Then came the rise of the so-called ‘New Prague’, which kept popping up in different emerging destinations across the Baltic States. Best men and maids of honour retuned their aerials to the Best Stag and Hen Weekend Cosmos. And Prague learned there’s always somewhere cheaper and sleazier.
Contrary to the opinion that city destinations benefit from a rush of boozed up hen or stag tourism, Prague isn’t bitter.
Hen and particularly stag parties aren’t world renowned as tasteful affairs. They are something of a national embarrassment - being a peculiarly British phenomenon - for many.
On arrival, stag parties normally check into the lowest-end B&Bs or comparable New Prague short-term rental, and they always follow the same dully-predictable pub-crawl performing the same dully-predictable routine of loud and bad behaviour. Local business in general fails to cash in, and often looses business since other types of tourist stay away.

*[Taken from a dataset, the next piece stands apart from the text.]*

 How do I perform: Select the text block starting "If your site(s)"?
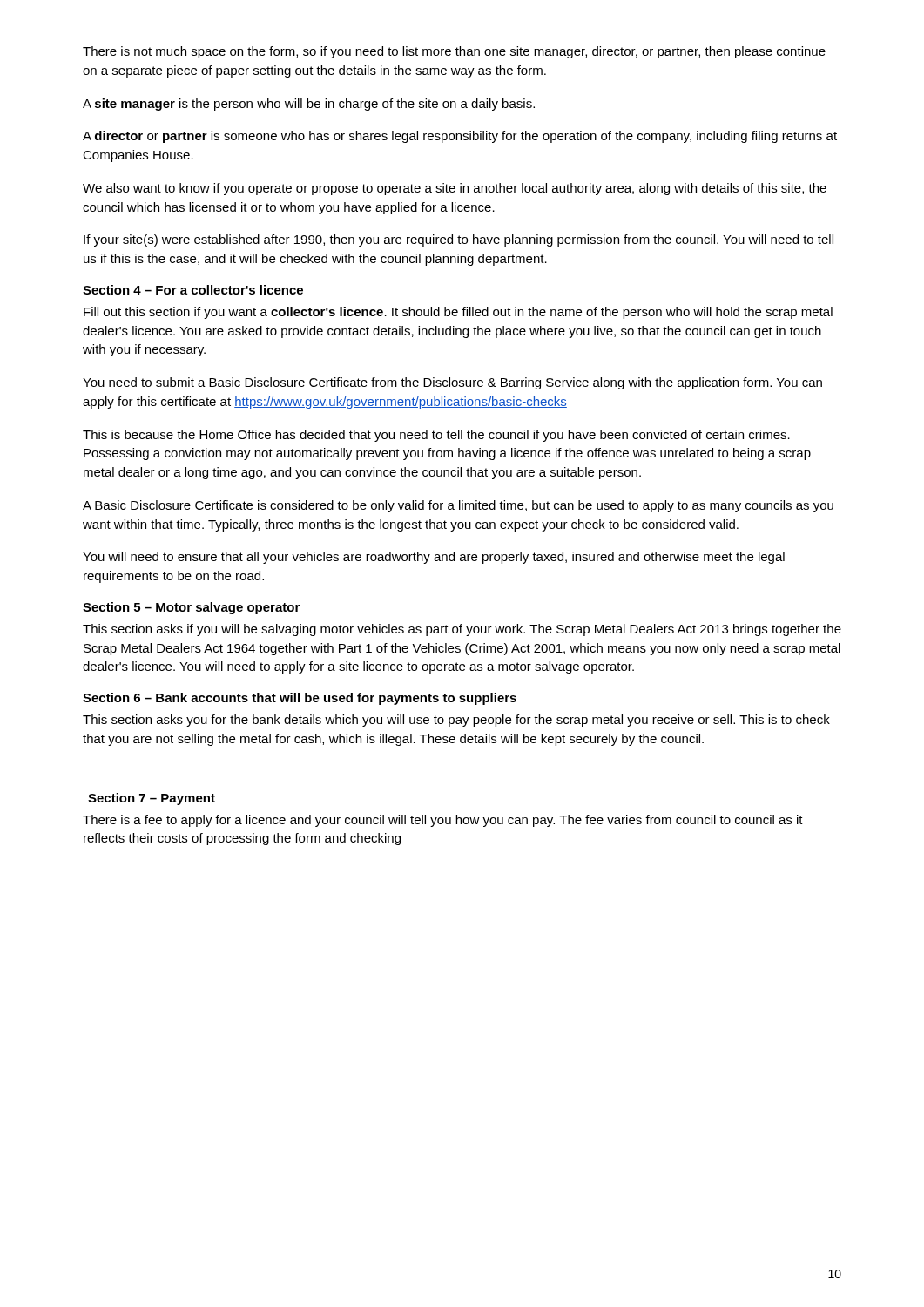tap(458, 249)

Today’s Prague is still popular with British stag and hen parties - communal sigh - but less so. And a different type of tourist does throng the narrow streets, filling chic cafes, bars and restaurants, as well as the numerous Prague holiday apartments and little hotels. But this in itself doesn’t end or look like it can stop the wave of tacky consumerism sweeping through Prague.
Glittering with a liberal sprinkling of McDonald’s ‘golden arches’, and with all types of Prague accommodation booming, the country is undergoing a process of commercial development and it’s going though the process at a fast rate.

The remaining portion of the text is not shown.